#### Requirement
The required answer is an exact copy of every entry underneath.

----- Dataset records

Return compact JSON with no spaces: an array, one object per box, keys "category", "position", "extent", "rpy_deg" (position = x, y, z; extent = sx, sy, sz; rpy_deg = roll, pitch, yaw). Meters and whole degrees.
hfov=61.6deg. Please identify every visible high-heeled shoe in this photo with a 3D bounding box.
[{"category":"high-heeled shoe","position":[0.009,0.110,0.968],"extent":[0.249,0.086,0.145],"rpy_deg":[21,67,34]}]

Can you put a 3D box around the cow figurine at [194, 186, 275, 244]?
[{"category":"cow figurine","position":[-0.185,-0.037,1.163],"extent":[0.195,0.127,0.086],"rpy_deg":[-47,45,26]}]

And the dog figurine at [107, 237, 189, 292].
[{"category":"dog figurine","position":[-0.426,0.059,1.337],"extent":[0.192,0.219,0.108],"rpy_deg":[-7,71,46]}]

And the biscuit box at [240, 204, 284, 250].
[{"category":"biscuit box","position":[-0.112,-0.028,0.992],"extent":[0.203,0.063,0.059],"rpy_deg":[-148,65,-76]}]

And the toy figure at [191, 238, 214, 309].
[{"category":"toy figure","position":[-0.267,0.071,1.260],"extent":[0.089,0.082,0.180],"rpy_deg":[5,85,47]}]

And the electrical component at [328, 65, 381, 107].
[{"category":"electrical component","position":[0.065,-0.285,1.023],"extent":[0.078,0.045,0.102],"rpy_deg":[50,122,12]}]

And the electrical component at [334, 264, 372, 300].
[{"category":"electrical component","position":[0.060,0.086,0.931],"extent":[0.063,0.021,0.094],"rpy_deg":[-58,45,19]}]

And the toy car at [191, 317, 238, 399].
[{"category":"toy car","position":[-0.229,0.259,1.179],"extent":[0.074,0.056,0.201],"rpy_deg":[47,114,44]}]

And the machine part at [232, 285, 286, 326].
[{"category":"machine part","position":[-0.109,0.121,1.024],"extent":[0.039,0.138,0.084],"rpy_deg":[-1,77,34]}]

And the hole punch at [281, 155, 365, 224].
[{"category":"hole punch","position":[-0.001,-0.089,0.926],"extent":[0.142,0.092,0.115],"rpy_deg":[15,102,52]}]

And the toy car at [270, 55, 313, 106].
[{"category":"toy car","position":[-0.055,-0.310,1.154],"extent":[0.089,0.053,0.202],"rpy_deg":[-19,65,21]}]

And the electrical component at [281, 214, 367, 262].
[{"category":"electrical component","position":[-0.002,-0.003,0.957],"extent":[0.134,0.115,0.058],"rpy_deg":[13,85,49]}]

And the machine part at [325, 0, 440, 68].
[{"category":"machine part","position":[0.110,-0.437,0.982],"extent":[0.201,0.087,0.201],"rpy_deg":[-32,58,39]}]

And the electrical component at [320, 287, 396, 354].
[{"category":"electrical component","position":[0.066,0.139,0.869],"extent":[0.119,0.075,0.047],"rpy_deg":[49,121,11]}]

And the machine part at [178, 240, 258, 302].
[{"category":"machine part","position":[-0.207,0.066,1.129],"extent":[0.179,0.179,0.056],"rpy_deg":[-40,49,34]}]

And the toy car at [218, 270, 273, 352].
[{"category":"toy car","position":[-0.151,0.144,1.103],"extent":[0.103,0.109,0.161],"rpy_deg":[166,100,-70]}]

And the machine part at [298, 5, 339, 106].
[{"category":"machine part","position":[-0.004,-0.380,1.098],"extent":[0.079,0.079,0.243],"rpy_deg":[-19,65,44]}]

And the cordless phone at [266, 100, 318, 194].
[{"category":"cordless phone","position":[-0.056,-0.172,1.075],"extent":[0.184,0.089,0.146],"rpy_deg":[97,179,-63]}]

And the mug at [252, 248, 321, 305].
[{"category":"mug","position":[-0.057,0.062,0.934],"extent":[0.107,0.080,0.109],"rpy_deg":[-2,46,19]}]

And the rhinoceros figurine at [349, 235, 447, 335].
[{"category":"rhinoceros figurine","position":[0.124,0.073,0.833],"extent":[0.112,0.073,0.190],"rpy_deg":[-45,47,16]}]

----------

#### Reply to the task
Return compact JSON with no spaces: an array, one object per box, keys "category", "position", "extent", "rpy_deg" (position = x, y, z; extent = sx, sy, sz; rpy_deg = roll, pitch, yaw). Meters and whole degrees.
hfov=61.6deg. Please identify every visible high-heeled shoe in this photo with a 3D bounding box.
[{"category":"high-heeled shoe","position":[0.009,0.110,0.968],"extent":[0.249,0.086,0.145],"rpy_deg":[21,67,34]}]

Can you put a 3D box around the cow figurine at [194, 186, 275, 244]?
[{"category":"cow figurine","position":[-0.185,-0.037,1.163],"extent":[0.195,0.127,0.086],"rpy_deg":[-47,45,26]}]

And the dog figurine at [107, 237, 189, 292].
[{"category":"dog figurine","position":[-0.426,0.059,1.337],"extent":[0.192,0.219,0.108],"rpy_deg":[-7,71,46]}]

And the biscuit box at [240, 204, 284, 250].
[{"category":"biscuit box","position":[-0.112,-0.028,0.992],"extent":[0.203,0.063,0.059],"rpy_deg":[-148,65,-76]}]

And the toy figure at [191, 238, 214, 309].
[{"category":"toy figure","position":[-0.267,0.071,1.260],"extent":[0.089,0.082,0.180],"rpy_deg":[5,85,47]}]

And the electrical component at [328, 65, 381, 107].
[{"category":"electrical component","position":[0.065,-0.285,1.023],"extent":[0.078,0.045,0.102],"rpy_deg":[50,122,12]}]

And the electrical component at [334, 264, 372, 300].
[{"category":"electrical component","position":[0.060,0.086,0.931],"extent":[0.063,0.021,0.094],"rpy_deg":[-58,45,19]}]

And the toy car at [191, 317, 238, 399].
[{"category":"toy car","position":[-0.229,0.259,1.179],"extent":[0.074,0.056,0.201],"rpy_deg":[47,114,44]}]

And the machine part at [232, 285, 286, 326].
[{"category":"machine part","position":[-0.109,0.121,1.024],"extent":[0.039,0.138,0.084],"rpy_deg":[-1,77,34]}]

And the hole punch at [281, 155, 365, 224].
[{"category":"hole punch","position":[-0.001,-0.089,0.926],"extent":[0.142,0.092,0.115],"rpy_deg":[15,102,52]}]

And the toy car at [270, 55, 313, 106].
[{"category":"toy car","position":[-0.055,-0.310,1.154],"extent":[0.089,0.053,0.202],"rpy_deg":[-19,65,21]}]

And the electrical component at [281, 214, 367, 262].
[{"category":"electrical component","position":[-0.002,-0.003,0.957],"extent":[0.134,0.115,0.058],"rpy_deg":[13,85,49]}]

And the machine part at [325, 0, 440, 68].
[{"category":"machine part","position":[0.110,-0.437,0.982],"extent":[0.201,0.087,0.201],"rpy_deg":[-32,58,39]}]

And the electrical component at [320, 287, 396, 354].
[{"category":"electrical component","position":[0.066,0.139,0.869],"extent":[0.119,0.075,0.047],"rpy_deg":[49,121,11]}]

And the machine part at [178, 240, 258, 302].
[{"category":"machine part","position":[-0.207,0.066,1.129],"extent":[0.179,0.179,0.056],"rpy_deg":[-40,49,34]}]

And the toy car at [218, 270, 273, 352].
[{"category":"toy car","position":[-0.151,0.144,1.103],"extent":[0.103,0.109,0.161],"rpy_deg":[166,100,-70]}]

And the machine part at [298, 5, 339, 106].
[{"category":"machine part","position":[-0.004,-0.380,1.098],"extent":[0.079,0.079,0.243],"rpy_deg":[-19,65,44]}]

And the cordless phone at [266, 100, 318, 194].
[{"category":"cordless phone","position":[-0.056,-0.172,1.075],"extent":[0.184,0.089,0.146],"rpy_deg":[97,179,-63]}]

And the mug at [252, 248, 321, 305].
[{"category":"mug","position":[-0.057,0.062,0.934],"extent":[0.107,0.080,0.109],"rpy_deg":[-2,46,19]}]

And the rhinoceros figurine at [349, 235, 447, 335].
[{"category":"rhinoceros figurine","position":[0.124,0.073,0.833],"extent":[0.112,0.073,0.190],"rpy_deg":[-45,47,16]}]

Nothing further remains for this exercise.